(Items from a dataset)
[Start of Attachment]

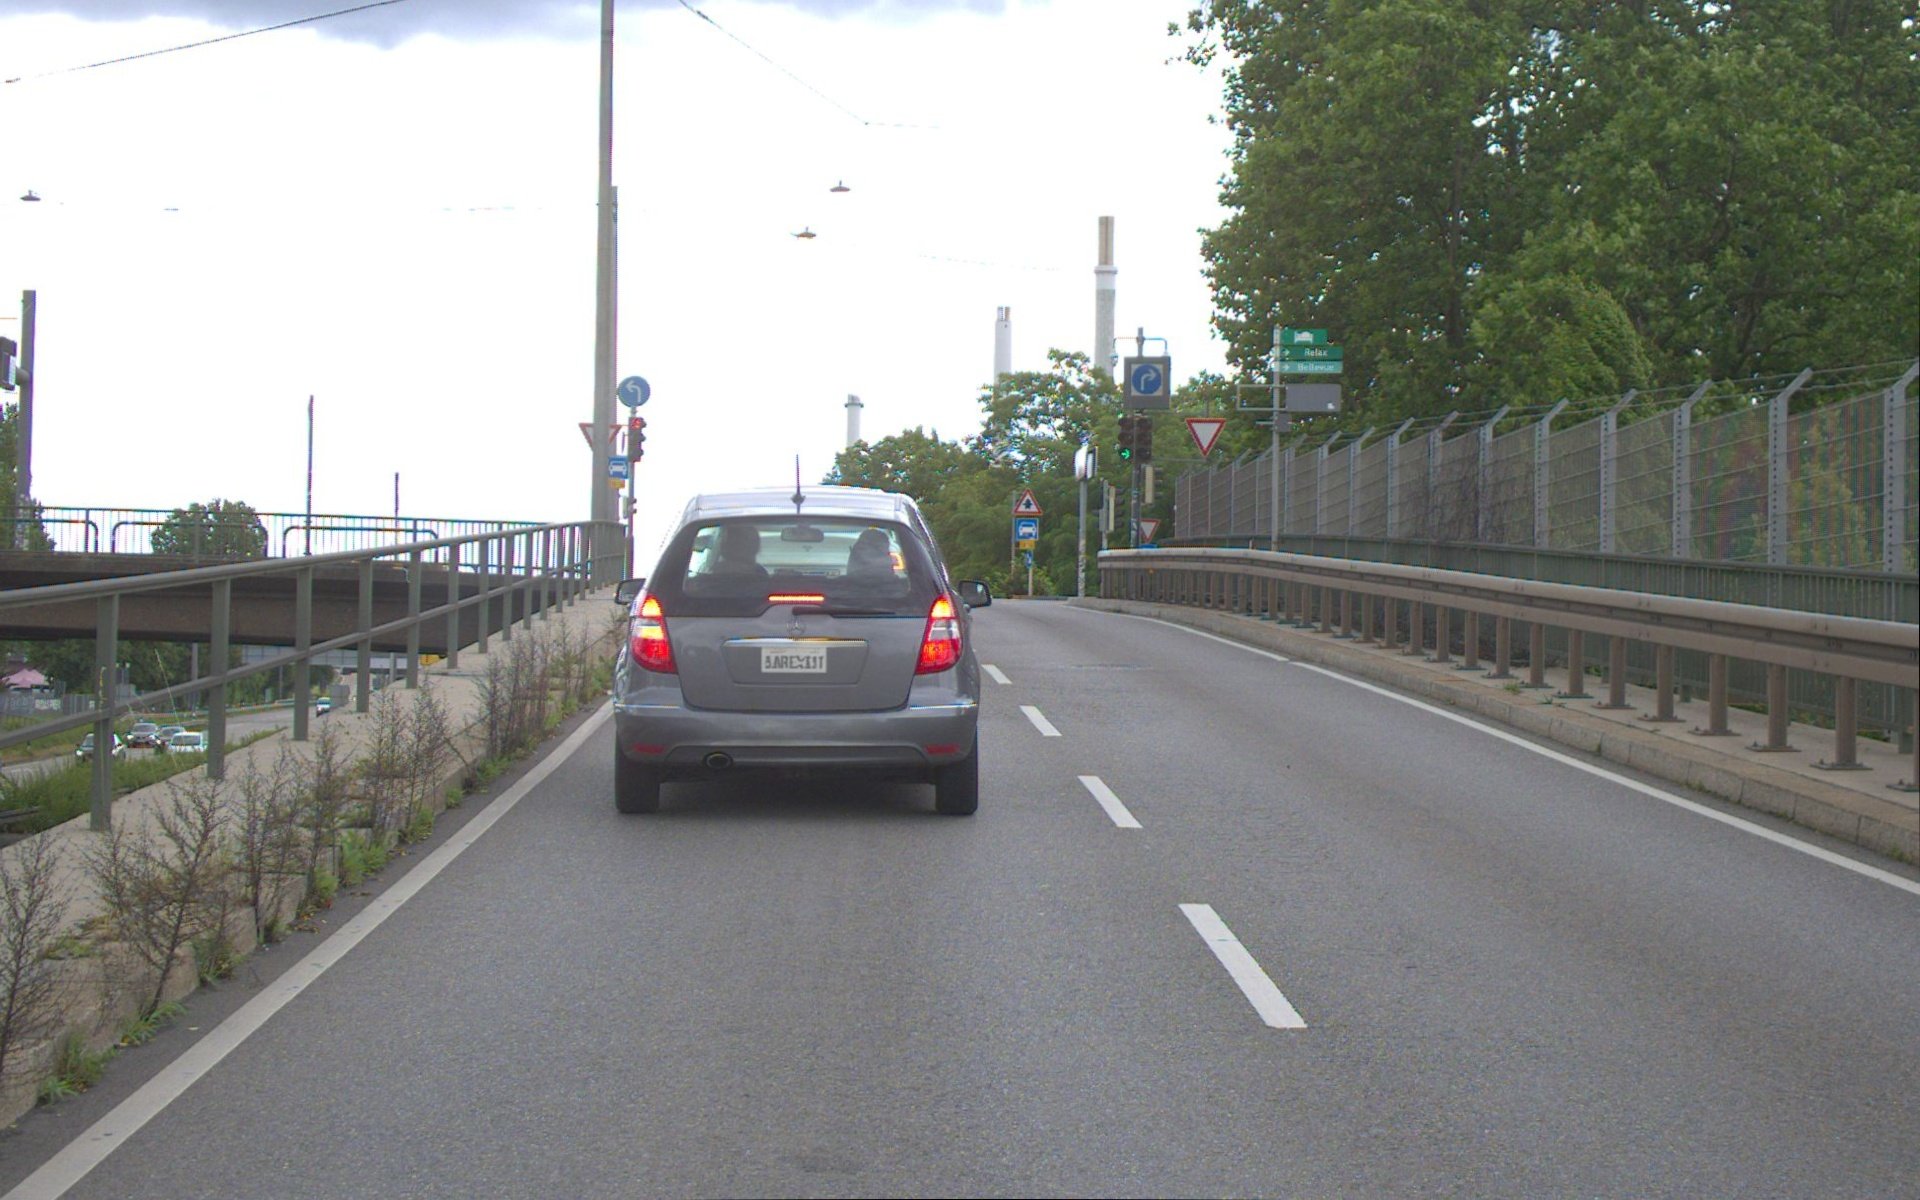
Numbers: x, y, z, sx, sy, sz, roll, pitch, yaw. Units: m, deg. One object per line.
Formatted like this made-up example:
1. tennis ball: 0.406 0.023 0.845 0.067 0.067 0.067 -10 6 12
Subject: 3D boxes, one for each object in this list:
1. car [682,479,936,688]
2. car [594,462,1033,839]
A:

[End of Attachment]

WHAT TO PRODUCE =
Give the records again exactly, minus the pictures.

YOUR SOLUTION =
Numbers: x, y, z, sx, sy, sz, roll, pitch, yaw. Units: m, deg. One object per line.
Formatted like this made-up example:
1. tennis ball: 0.406 0.023 0.845 0.067 0.067 0.067 -10 6 12
Subject: 3D boxes, one for each object in this list:
1. car [682,479,936,688]
2. car [594,462,1033,839]
A:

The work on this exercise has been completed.